Thursday, April 12, 2012
By Richard Firsten
Retired ESOL Teacher, Teacher-Trainer, Columnist, Author
All during our years of education and career training, one of the most important lessons driven home was that we need to stay focused, we need to keep our attention on what we’re doing, and we need to make sure not to get distracted. Nobody would disagree with any of this, right? Well, sometimes it’s not so easy to keep our eyes on that prize when it comes to testing.
One area where this became obvious to me in my early years of teaching ESOL was in testing listening comprehension. I realized that the tests I was given to use, created at various US universities and sold to schools like the ones I taught at, weren’t exclusively testing what they were supposed to be testing. Those tests almost always ended up inadvertently testing reading comprehension along with listening comprehension. Was that fair to my students? Not at all! If I want to test reading comp., I’ll test reading comp. But if I want to test listening comp., well, I shouldn’t be making my students read three or four sentences quickly and decide which written item reflects something they’ve just heard. I’m sure you see my point. For example . . .

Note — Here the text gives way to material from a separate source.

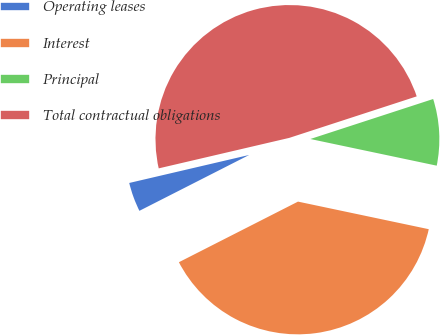Convert chart to OTSL. <chart><loc_0><loc_0><loc_500><loc_500><pie_chart><fcel>Operating leases<fcel>Interest<fcel>Principal<fcel>Total contractual obligations<nl><fcel>3.84%<fcel>39.2%<fcel>8.32%<fcel>48.64%<nl></chart> 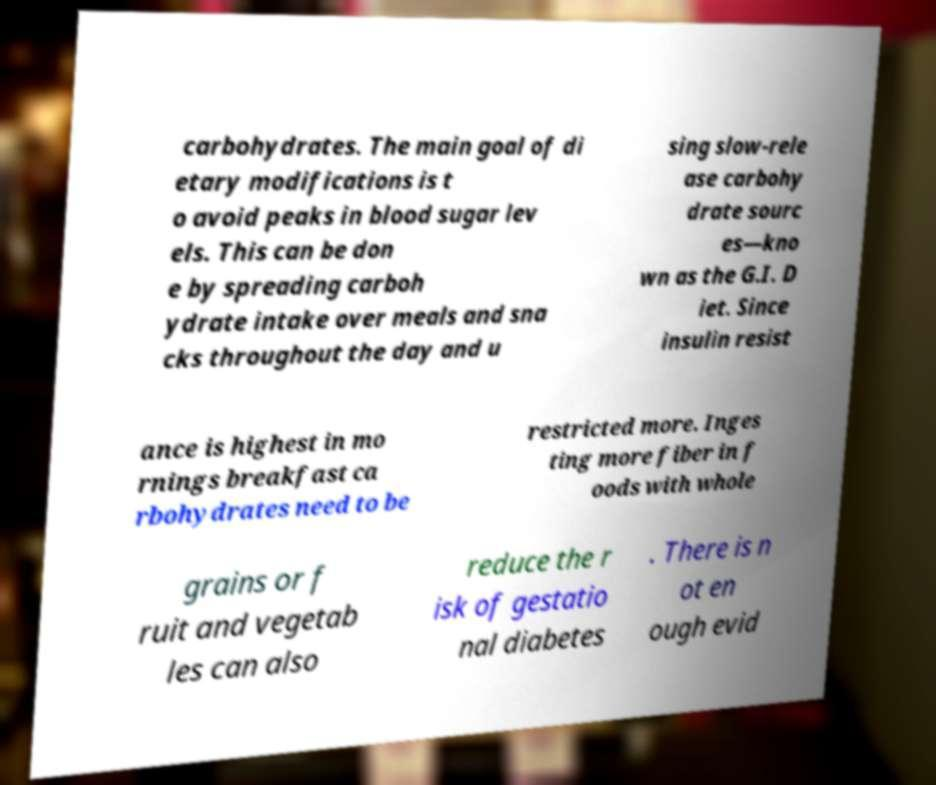Please read and relay the text visible in this image. What does it say? carbohydrates. The main goal of di etary modifications is t o avoid peaks in blood sugar lev els. This can be don e by spreading carboh ydrate intake over meals and sna cks throughout the day and u sing slow-rele ase carbohy drate sourc es—kno wn as the G.I. D iet. Since insulin resist ance is highest in mo rnings breakfast ca rbohydrates need to be restricted more. Inges ting more fiber in f oods with whole grains or f ruit and vegetab les can also reduce the r isk of gestatio nal diabetes . There is n ot en ough evid

The students hear: “There are quite a few students who have won scholarships this year.”
Then they quickly have to read the following and choose which sentence reflects what they’ve just heard:
- Many students won scholarships this year.

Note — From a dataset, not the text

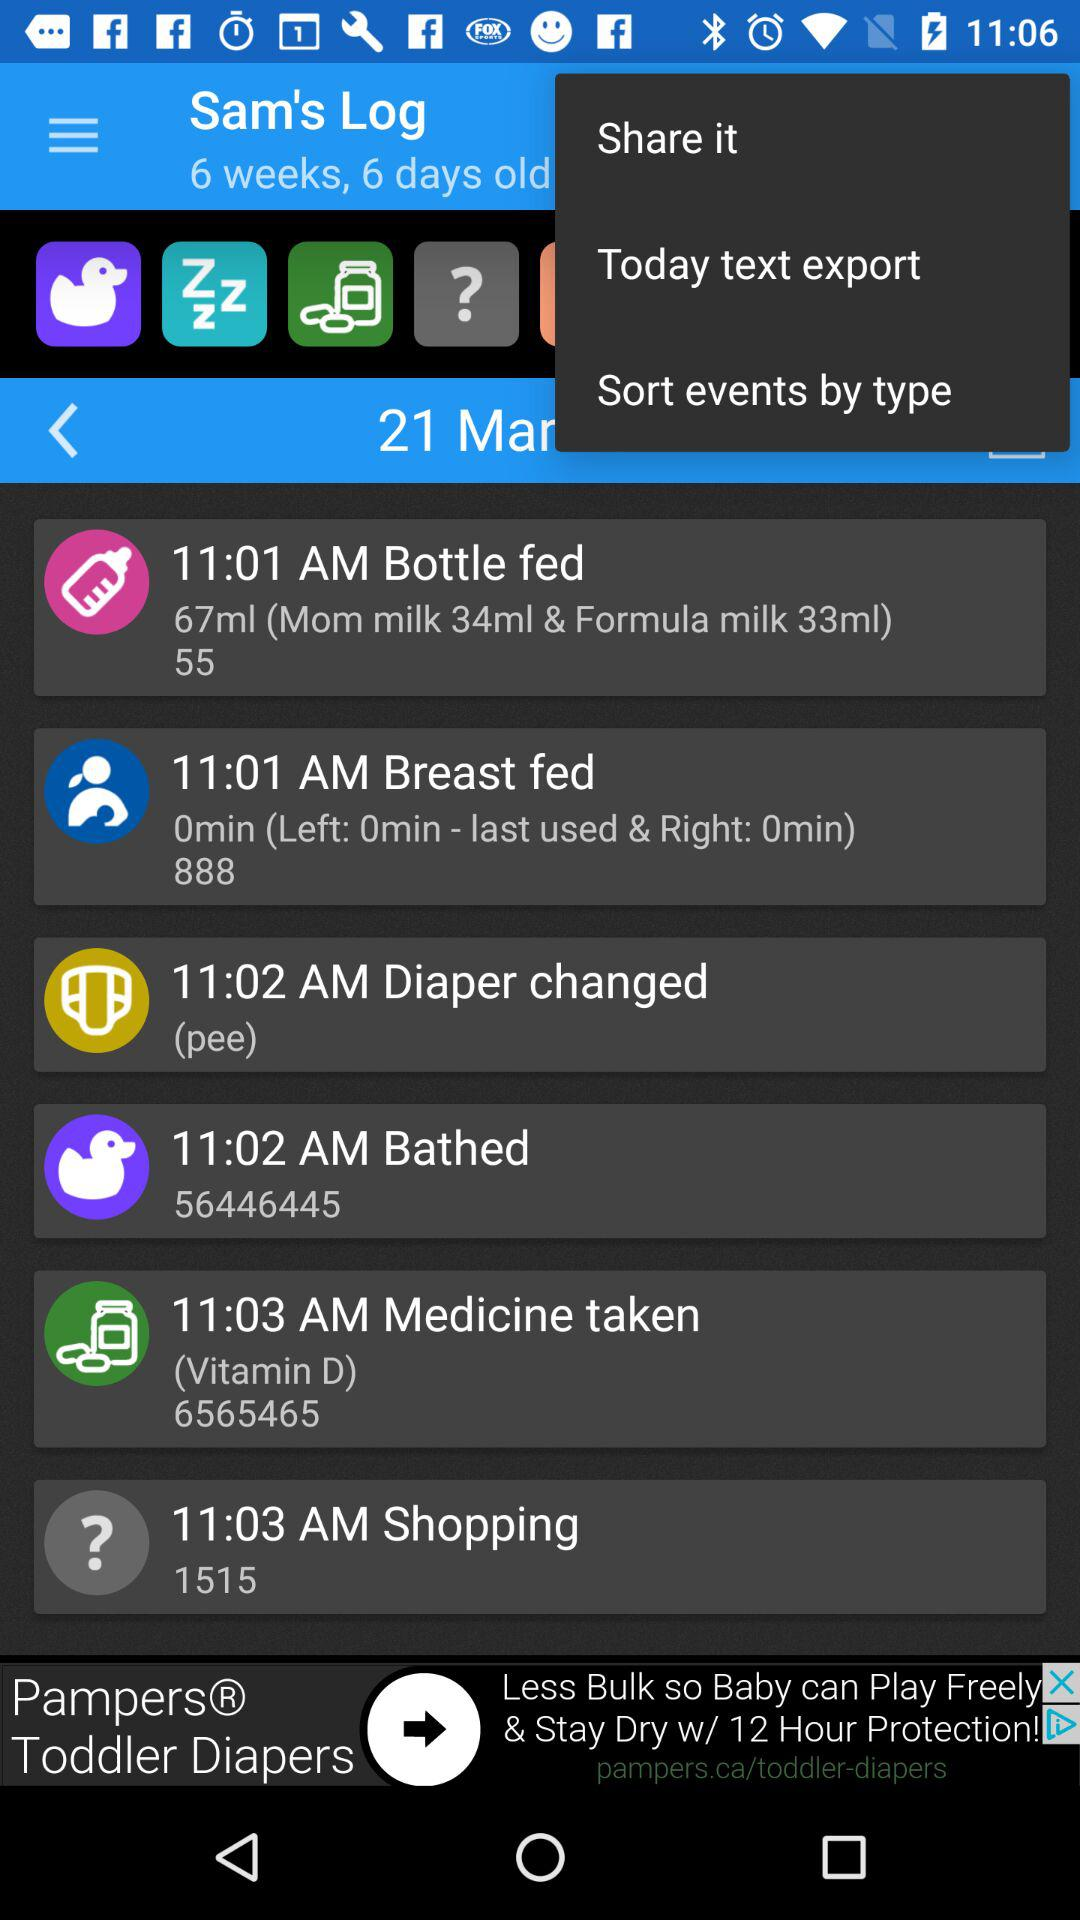How many events are there in the log?
Answer the question using a single word or phrase. 6

- Few students won scholarships this year.
- A relatively large number of students won scholarships this year.
- A few students got one scholarship this year.
The correct answer is 3, but it’s obvious that it wasn’t just listening comprehension that’s been tested; reading comprehension has been tested as well – and that’s just not fair.
So how do we overcome this problem of inadvertently testing reading when we really just want to test listening? It’s actually quite a challenge to accomplish because we need to rely on visuals, not reading, to avoid the problem. We need to come up with drawings, photos, and other kinds of graphic material that will reflect and not reflect each item that the students have heard. Here’s an example of what I mean.
The students hear the sentence and then look at the two pictures. They decide which one reflects accurately what they’ve just heard and that’s how they choose their answer. No need to inadvertently test reading comprehension, right?
Here are six more examples that I’d like to share with you.
So if you do test listening comprehension, do your best to find test items that will not accidentally test reading as well. True, sometimes a small amount of reading can’t be avoided, such as in the “How much does it cost?” example above, but I know you understand my point, and I hope you’ll be able to give your students fair listening comprehension tests if you decide to test them on this skill.
One other thing to keep in mind is the complexities of grading your students’ work in a writing class. How do you decide beforehand on how you’ll grade their work? Do you base your grading solely on their skill with the writing form you’ve just taught, e.g., a business letter or a basic composition, or do you grade them at the same time on the mechanics, such as punctuation and capitalization? And what about their grammar? Is it appropriate to judge them on their grammar in a writing class that focuses on forms of writing? Not such easy questions to answer, are they?
Well, I hope I’ve given you some food for thought. Let’s keep our eyes on the testing prize.